Before I talk about how they did, a few notes and changes:
- Since Spider-Man: Turn Off the Dark did not open yet, I will not be discussing my choices, Collin Baja and Dana Marie Ingraham. Both remain in the cast, and I will be sure to report on them when it is appropriate.
- Sarah O'Gleby is a dance captain and swing in How to Succeed... so I didn't see her perform. Instead, I'll discuss Cameron Adams' contributions to the show.
- Similarly, Nick Kenkel is a swing and associate choreographer for Catch Me If You Can, and I did not see him perform. Instead, I'll talk about Charlie Sutton.
- Allison Cimmet is a standby in Baby It's You!; I will talk about Kelly Barrett instead.
Today, I'll talk about them in reverse order, talking about the show that most recently opened.
Both ensemble members are consummate professionals, with dancing, singing and acting skills. I a show rife with stereotypes and old school "bits," it was nice to see them create characters beyond just being in the background. Ms. Chittick is featured as Virtue, one of Reno's Angels. As such, she is pointedly un-virtuous and quite funny as a sassy dame. Mr. Perry, one of the sailors aboard ship, is a bit player as an FBI Agent, playing the role with the requisite style, getting the necessary laugh and getting off stage. Somewhat tall and blonde, he was easy to notice throughout the performance, though, appropriately, he never pulled focus. Ms. Chittick needs to be in bigger roles, period! She is a riot to watch, and she is one of those people your eye is drawn to.
Because Mr. Ferguson is featured as one of the White Knight's knights, it was easy to follow him. And because every time they were onstage, the show was at its full potential, I'd have to say he did a terrific job, especially with the "boy band" style of mugging and posturing. Ms. Chin, I'm sure did a great job with whatever she was given to do - none of the ensemble made mistakes, nor did any of them stand out inappropriately. But hidden in a wide array of costumes and face obscuring makeup, I couldn't follow her too specifically, either. I hope they both find better and more successful shows in the years to come.

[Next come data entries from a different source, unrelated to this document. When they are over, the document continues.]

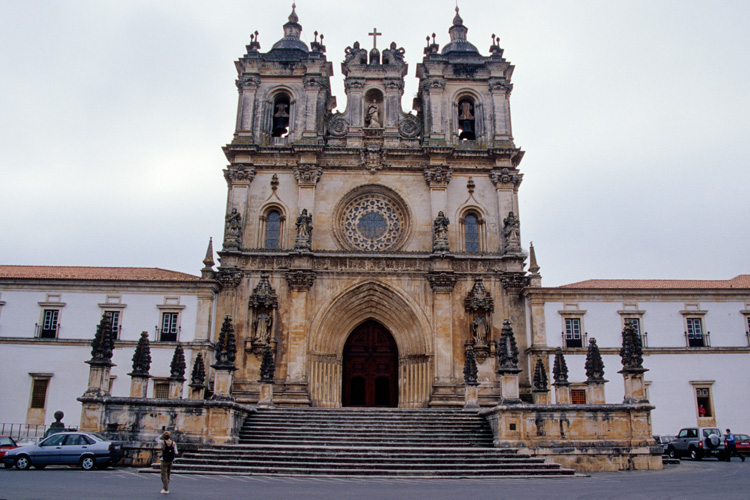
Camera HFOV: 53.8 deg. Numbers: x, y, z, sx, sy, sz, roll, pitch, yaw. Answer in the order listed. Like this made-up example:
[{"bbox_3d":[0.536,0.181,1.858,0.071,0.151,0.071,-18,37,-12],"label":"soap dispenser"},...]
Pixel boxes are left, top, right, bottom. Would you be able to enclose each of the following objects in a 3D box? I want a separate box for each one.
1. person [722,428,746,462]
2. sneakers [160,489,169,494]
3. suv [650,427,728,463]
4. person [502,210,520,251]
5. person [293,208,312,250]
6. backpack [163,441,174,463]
[{"bbox_3d":[19.681,10.789,40.583,1.169,1.024,1.908,-3,-10,9],"label":"person"},{"bbox_3d":[-7.857,8.989,27.540,0.289,0.169,0.408,7,-22,-17],"label":"sneakers"},{"bbox_3d":[18.131,10.884,41.358,1.887,1.460,3.075,10,-15,-25],"label":"suv"},{"bbox_3d":[8.834,-1.188,47.724,1.103,3.062,0.634,-3,-21,10],"label":"person"},{"bbox_3d":[-4.560,-1.281,47.328,1.041,3.009,0.731,5,-21,-10],"label":"person"},{"bbox_3d":[-7.879,7.696,28.145,0.419,0.810,0.505,5,-21,-10],"label":"backpack"}]
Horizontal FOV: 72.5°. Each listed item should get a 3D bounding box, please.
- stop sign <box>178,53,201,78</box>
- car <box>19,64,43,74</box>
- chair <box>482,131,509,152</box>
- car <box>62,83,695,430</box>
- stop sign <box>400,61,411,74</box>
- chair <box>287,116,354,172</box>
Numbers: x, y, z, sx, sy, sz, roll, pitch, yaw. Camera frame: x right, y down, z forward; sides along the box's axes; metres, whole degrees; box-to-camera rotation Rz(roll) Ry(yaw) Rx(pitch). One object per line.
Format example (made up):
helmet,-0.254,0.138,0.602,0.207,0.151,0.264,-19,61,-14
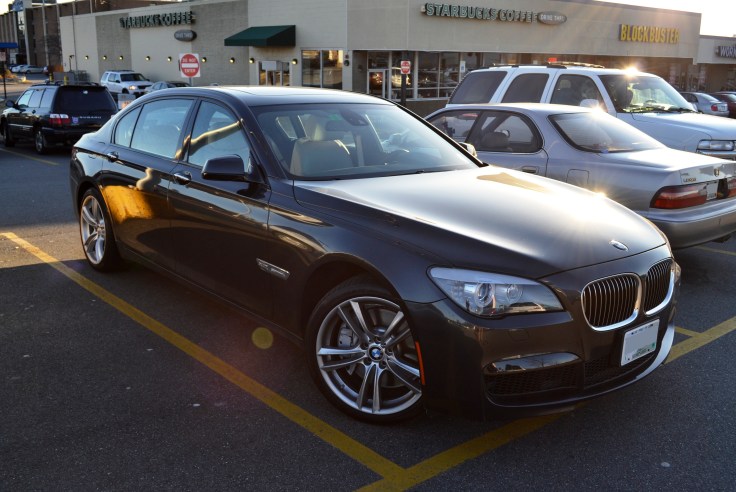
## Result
stop sign,-6.883,-6.986,19.247,0.687,0.805,1.387,-6,19,-21
car,-61.427,-32.264,91.595,3.345,1.410,5.105,-10,20,-32
chair,1.754,-1.470,6.946,0.309,0.231,0.298,14,20,32
car,-0.515,-0.254,4.494,4.960,1.500,2.616,16,20,41
stop sign,1.760,-8.806,24.628,0.405,0.556,0.816,0,17,-4
chair,-0.435,-0.859,4.248,0.378,0.358,0.518,-13,32,-27
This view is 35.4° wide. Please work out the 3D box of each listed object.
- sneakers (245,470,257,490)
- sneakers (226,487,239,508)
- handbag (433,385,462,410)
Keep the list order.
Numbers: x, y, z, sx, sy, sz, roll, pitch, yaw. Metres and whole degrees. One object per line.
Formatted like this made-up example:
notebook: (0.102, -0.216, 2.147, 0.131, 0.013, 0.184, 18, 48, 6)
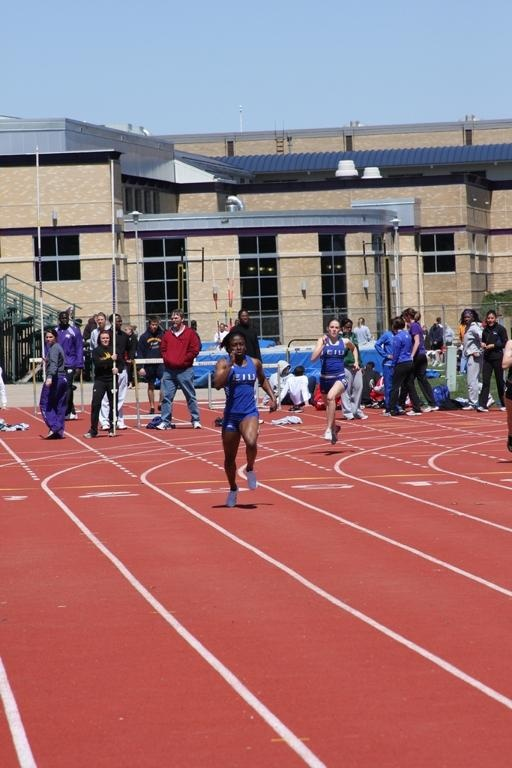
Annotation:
sneakers: (-0.043, 1.170, 9.718, 0.109, 0.313, 0.124, -7, 1, -1)
sneakers: (-0.278, 1.370, 9.698, 0.107, 0.239, 0.104, 8, 2, 21)
handbag: (5.134, 0.448, 21.787, 0.608, 0.746, 0.270, -5, -7, -28)
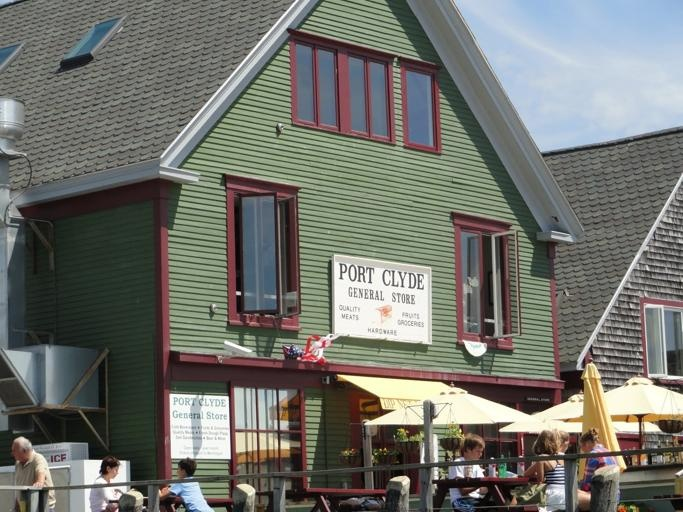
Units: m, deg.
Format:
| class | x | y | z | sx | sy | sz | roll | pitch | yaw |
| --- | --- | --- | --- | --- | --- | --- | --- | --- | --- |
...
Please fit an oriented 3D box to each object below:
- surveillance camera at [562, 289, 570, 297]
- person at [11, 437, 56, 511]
| class | x | y | z | sx | sy | sz | roll | pitch | yaw |
| --- | --- | --- | --- | --- | --- | --- | --- | --- | --- |
| surveillance camera | 5.149 | 0.796 | 38.639 | 0.157 | 0.061 | 0.202 | 2 | -12 | -2 |
| person | -5.202 | 3.640 | 28.102 | 0.662 | 1.263 | 1.329 | 0 | -16 | -10 |
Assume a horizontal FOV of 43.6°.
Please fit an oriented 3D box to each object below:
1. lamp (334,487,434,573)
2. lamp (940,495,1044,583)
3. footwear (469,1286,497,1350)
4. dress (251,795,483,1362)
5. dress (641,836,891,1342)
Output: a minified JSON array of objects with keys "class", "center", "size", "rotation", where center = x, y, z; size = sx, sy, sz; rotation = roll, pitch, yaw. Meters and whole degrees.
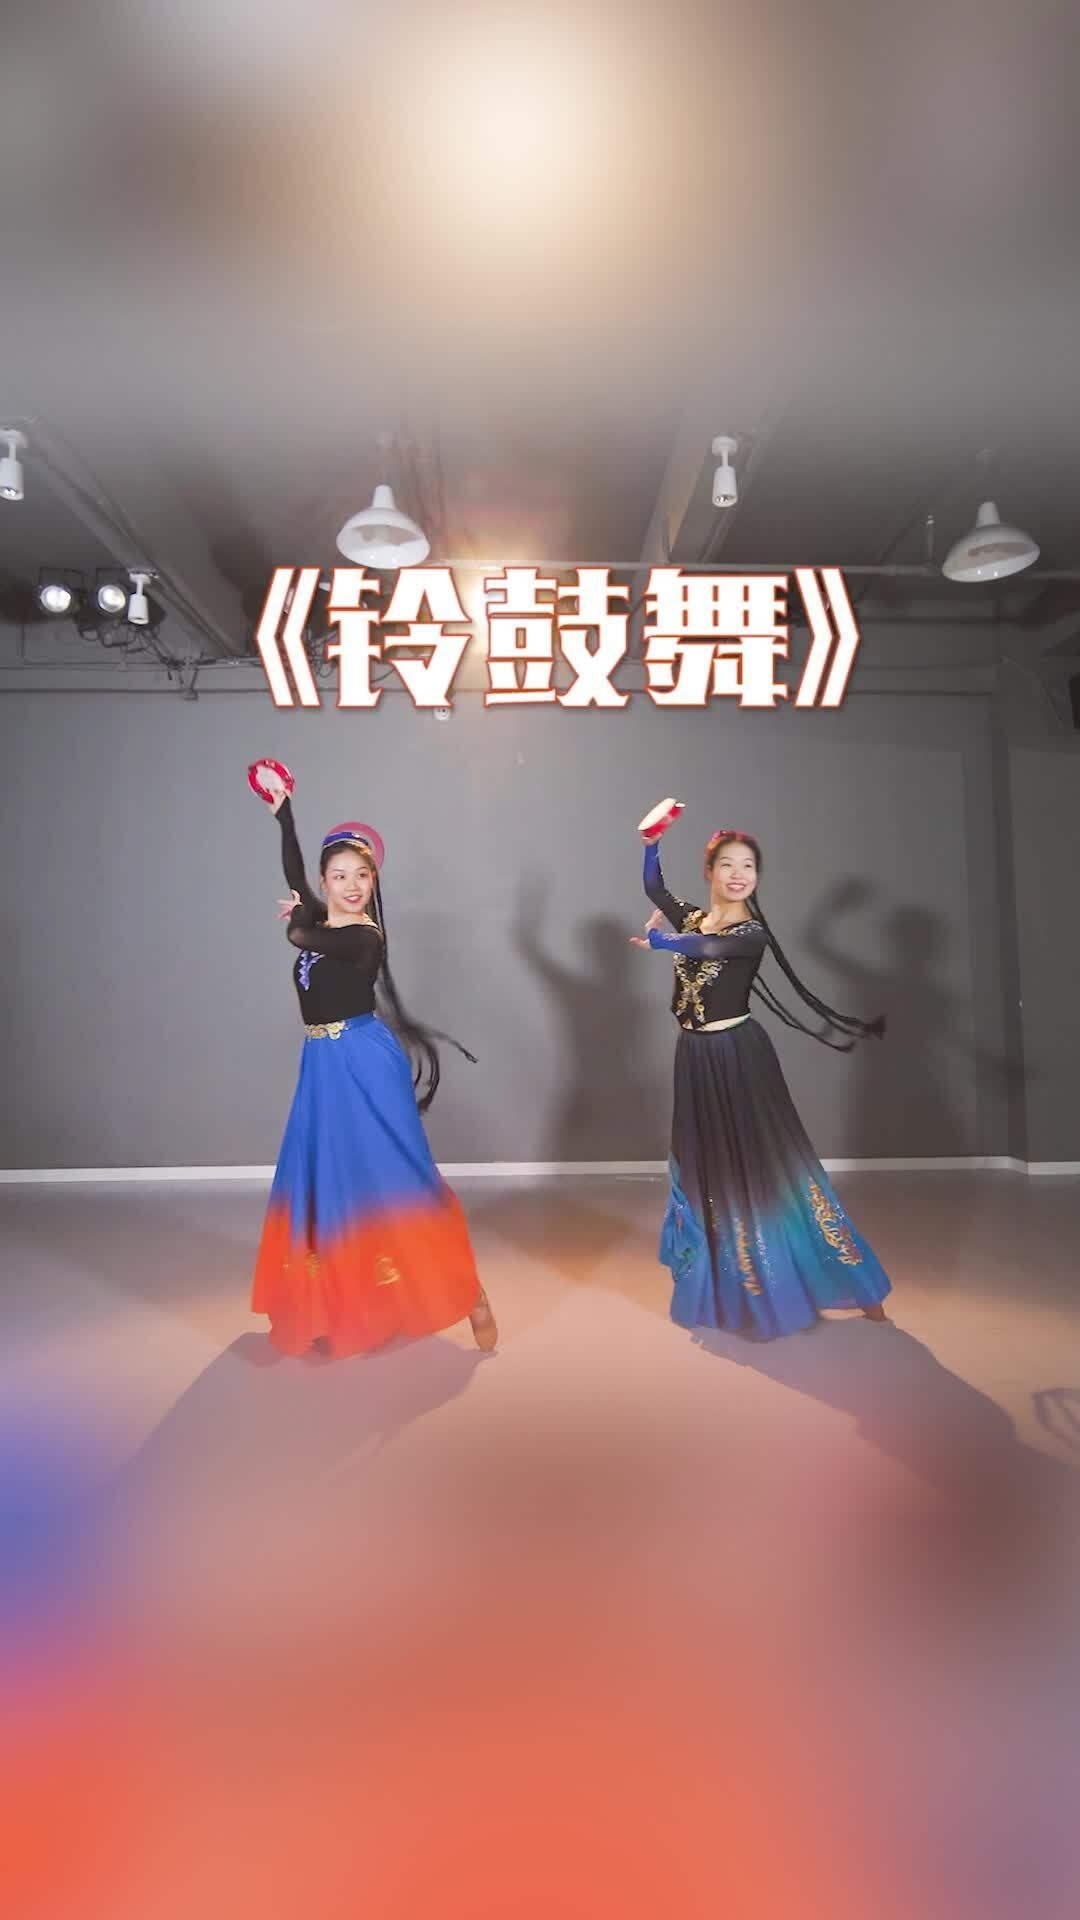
[{"class":"lamp","center":[-0.489,-1.350,4.166],"size":[0.254,0.237,0.453],"rotation":[-2,11,-8]},{"class":"lamp","center":[1.472,-1.397,4.412],"size":[0.261,0.229,0.378],"rotation":[3,11,16]},{"class":"footwear","center":[-0.135,0.836,3.194],"size":[0.048,0.041,0.160],"rotation":[6,41,-16]},{"class":"dress","center":[-0.433,0.238,3.116],"size":[0.507,1.341,0.519],"rotation":[-7,12,-30]},{"class":"dress","center":[0.567,0.265,3.402],"size":[0.644,1.313,0.658],"rotation":[1,11,8]}]
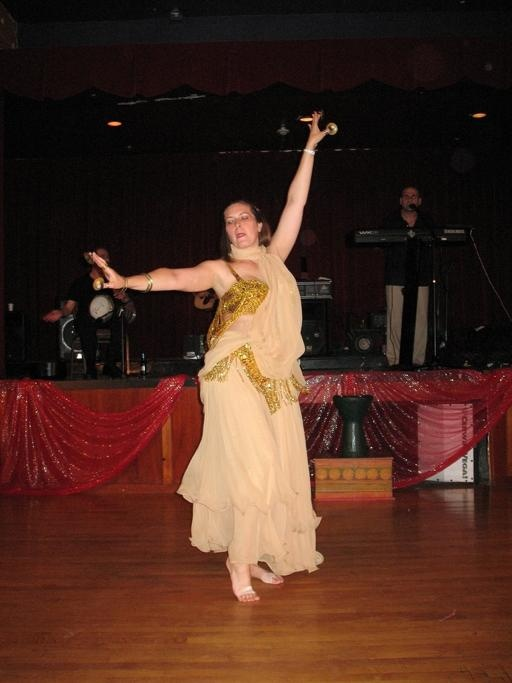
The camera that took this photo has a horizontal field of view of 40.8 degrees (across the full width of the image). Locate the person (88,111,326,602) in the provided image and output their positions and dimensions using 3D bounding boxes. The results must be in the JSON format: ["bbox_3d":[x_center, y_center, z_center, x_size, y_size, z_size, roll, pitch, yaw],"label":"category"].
[{"bbox_3d":[-0.061,-0.022,2.700,0.765,1.932,0.473,-1,-1,-8],"label":"person"}]

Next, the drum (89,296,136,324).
[{"bbox_3d":[-1.227,-0.272,5.635,0.204,0.134,0.260,5,-12,-11],"label":"drum"}]

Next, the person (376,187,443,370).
[{"bbox_3d":[1.315,-0.571,5.956,0.403,1.554,0.781,-1,-1,10],"label":"person"}]

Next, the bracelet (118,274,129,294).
[{"bbox_3d":[-0.481,-0.209,2.491,0.046,0.047,0.026,1,-26,-21],"label":"bracelet"}]
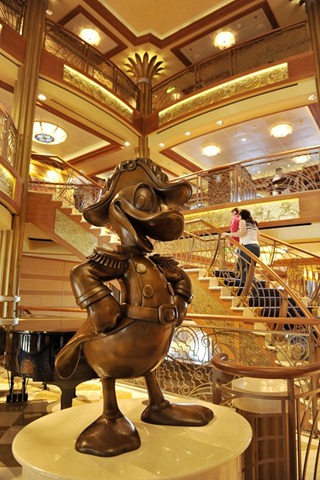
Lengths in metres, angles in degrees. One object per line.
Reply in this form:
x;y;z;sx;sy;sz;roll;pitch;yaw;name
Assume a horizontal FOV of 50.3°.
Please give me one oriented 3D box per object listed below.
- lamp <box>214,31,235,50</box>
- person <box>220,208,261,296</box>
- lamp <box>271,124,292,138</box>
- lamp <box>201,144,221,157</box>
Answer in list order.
1.900;-5.867;9.974;0.626;0.263;0.631;2;-6;12;lamp
1.193;0.164;4.953;0.489;1.279;0.776;2;-6;16;person
3.395;-3.081;9.534;0.567;0.212;0.488;2;-6;9;lamp
1.668;-2.855;11.024;0.596;0.180;0.953;2;-6;9;lamp
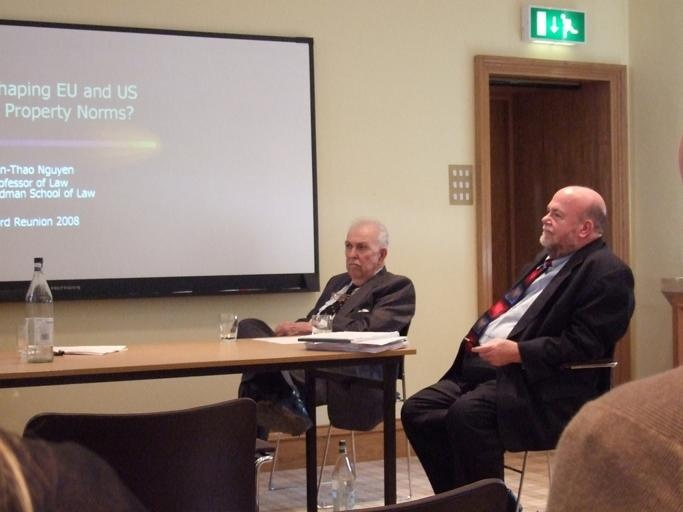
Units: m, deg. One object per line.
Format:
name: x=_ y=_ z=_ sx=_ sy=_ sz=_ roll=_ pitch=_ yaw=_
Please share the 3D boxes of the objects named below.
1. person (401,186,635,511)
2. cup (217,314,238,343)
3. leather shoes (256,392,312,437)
person: x=0.819 y=0.349 z=2.801 sx=1.042 sy=1.312 sz=0.689 roll=-4 pitch=4 yaw=-27
cup: x=-0.507 y=0.337 z=2.741 sx=0.119 sy=0.171 sz=0.098 roll=1 pitch=-7 yaw=-9
leather shoes: x=-0.254 y=0.705 z=2.736 sx=0.294 sy=0.148 sz=0.245 roll=1 pitch=-11 yaw=22
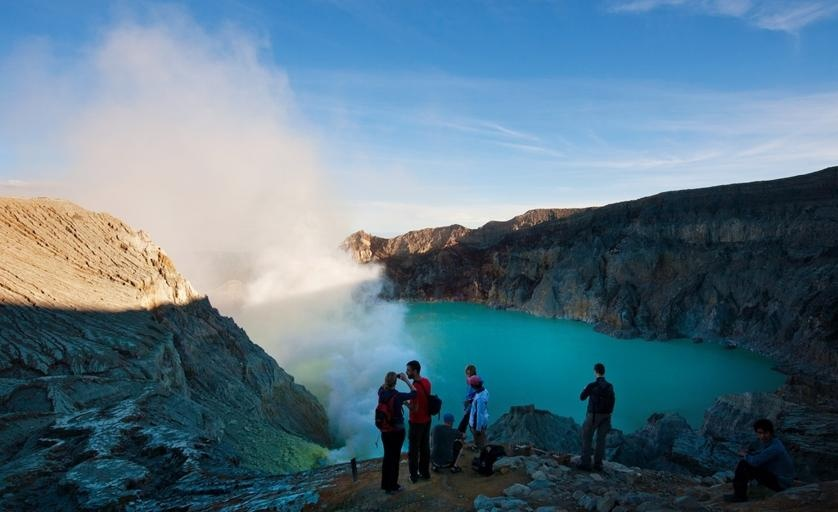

The ensemble in Sister Act probably functioned the most traditionally of any musical this season: background and scene fillers, all. That is not to say that their work went unnoticed. Mr. Hammond, not being in a featured role still had scenes to play, and he is interesting to watch. A full character was there every time he was on, and his sense of humor and understanding of the piece and his place in it were evident. Ms. DiCicco had more to do as one of the nuns, and as I said in my review, each and every one of them had characters to follow, if you so choose. That said, appropriately, she did not stand out in the chorus numbers where singing and unison movement were key. I have seen both of the actors in much larger roles, he in Hairspray, and she as Glinda in the National Tour of Wicked. Both were spectacular, and I look forward to seeing both of them more prominently featured now that they've broken through onto Broadway!
Neither Mr. Uranowitz nor Ms. Barrett are really ensemble members, as every cast member plays at least a supporting character in Baby It's You! Still, they come the closest, both playing more than one role. He plays the blind son of Florence Greenberg (Beth Leavel), and several other smaller roles, including the funny bit as the singer from the Kingsmen doing "Louie, Louie" including being unintelligible with the lyrics. Ms. Barrett actually was part of the most dramatic moments in the show: a showdown between Florence and her daughter Mary Jane. But she also did great by the Lesley Gore standard, "It's My Party," another of the few highlights. Here's hoping both get better material to work with in their next Broadway outing.
These are two of my favorite Broadway babies ever. They never disappoint. Both are terrific triple threats, and in The People in the Picture, they do wonderful work, yet again. They are both excellent dancers, and do well with Andy Blankenbeuhler's intricate blend of stylized Broadway dancing and traditional Yiddish styles. Both have featured roles in addition to their ensemble duties. He plays one of the hoodlums implicit in the bigoted taunting of one of the key members of the Yiddish theatre company, and ultimately plays a role in his death. Above, Ms. Reinking is featured as a woman who agrees to save Raisel's (Donna Murphy) daughter from certain death by taking her from the ghetto and raising the daughter as her own. The penultimate scene, featuring both Ms. Murphy and Ms. Reinking, was powerfully moving, leaving not a dry eye in the house.